Japan is the only remaining established Amazon marketplace where local sellers represent the majority, with 54% of active sellers being Japanese businesses. This stands in stark contrast to most other Amazon marketplaces, where Chinese sellers increasingly dominate and local seller representation continues to shrink.
According to Marketplace Pulse research, Canada has the lowest local seller representation at just 4%, making it almost entirely dependent on cross-border sellers. Despite being Amazon’s oldest and largest, the U.S. marketplace’s active seller base consists of only 34% local businesses - a significant decline from previous years but unsurprising given recent trends.
This analysis considered active sellers across Amazon’s most established marketplaces, defining “active” as those who received at least one seller feedback in the past year and “established” marketplaces as those with over 50,000 sellers.

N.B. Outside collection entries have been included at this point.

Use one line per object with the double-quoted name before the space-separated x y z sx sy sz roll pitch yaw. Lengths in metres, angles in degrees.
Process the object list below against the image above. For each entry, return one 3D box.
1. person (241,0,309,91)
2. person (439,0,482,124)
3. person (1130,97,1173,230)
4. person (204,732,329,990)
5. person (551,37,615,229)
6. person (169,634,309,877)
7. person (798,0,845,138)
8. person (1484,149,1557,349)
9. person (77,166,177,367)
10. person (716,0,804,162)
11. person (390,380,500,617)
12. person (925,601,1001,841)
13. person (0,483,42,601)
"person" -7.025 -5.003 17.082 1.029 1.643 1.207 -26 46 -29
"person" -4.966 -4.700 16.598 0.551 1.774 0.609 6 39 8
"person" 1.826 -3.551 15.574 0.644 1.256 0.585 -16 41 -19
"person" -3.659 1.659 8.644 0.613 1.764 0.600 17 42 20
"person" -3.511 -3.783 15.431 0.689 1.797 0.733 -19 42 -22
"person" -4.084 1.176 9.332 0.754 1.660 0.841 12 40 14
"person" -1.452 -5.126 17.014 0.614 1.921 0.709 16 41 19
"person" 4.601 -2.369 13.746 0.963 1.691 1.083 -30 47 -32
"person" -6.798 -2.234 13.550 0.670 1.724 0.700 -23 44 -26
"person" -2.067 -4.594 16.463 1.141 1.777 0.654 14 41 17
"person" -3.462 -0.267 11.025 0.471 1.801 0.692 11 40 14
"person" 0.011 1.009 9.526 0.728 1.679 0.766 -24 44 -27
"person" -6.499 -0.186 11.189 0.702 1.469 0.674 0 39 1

Current trends will soon rescind Japan’s position as the last bastion of local seller dominance. In 2024, over 50% of new seller registrations in Japan were by Chinese merchants, following a pattern seen across all major Amazon marketplaces. The UK had the lowest percentage of new seller registrations from China at 47%, while Mexico saw the highest at 68%. The U.S. figure was 62%.
These figures underscore the continuing trend of Chinese sellers gaining market share across Amazon’s global marketplace network.
The low percentage of local sellers in European marketplaces (Germany, Italy, France, and Spain, all below 20%) reflects both the dominance of Chinese merchants but also the cross-border nature of selling within the European Union. Many European sellers choose to sell across multiple neighboring countries rather than focusing solely on their domestic marketplace.
Canada’s remarkably low 4% local seller representation highlights how thoroughly the marketplace has been captured by cross-border sellers, with U.S. sellers (12%) representing a significant portion alongside the dominant Chinese merchant base (42%).
These figures reflect Amazon’s evolution from a retail platform to a global cross-border commerce infrastructure, where the seller’s physical location becomes increasingly irrelevant as long as they leverage Amazon’s fulfillment network.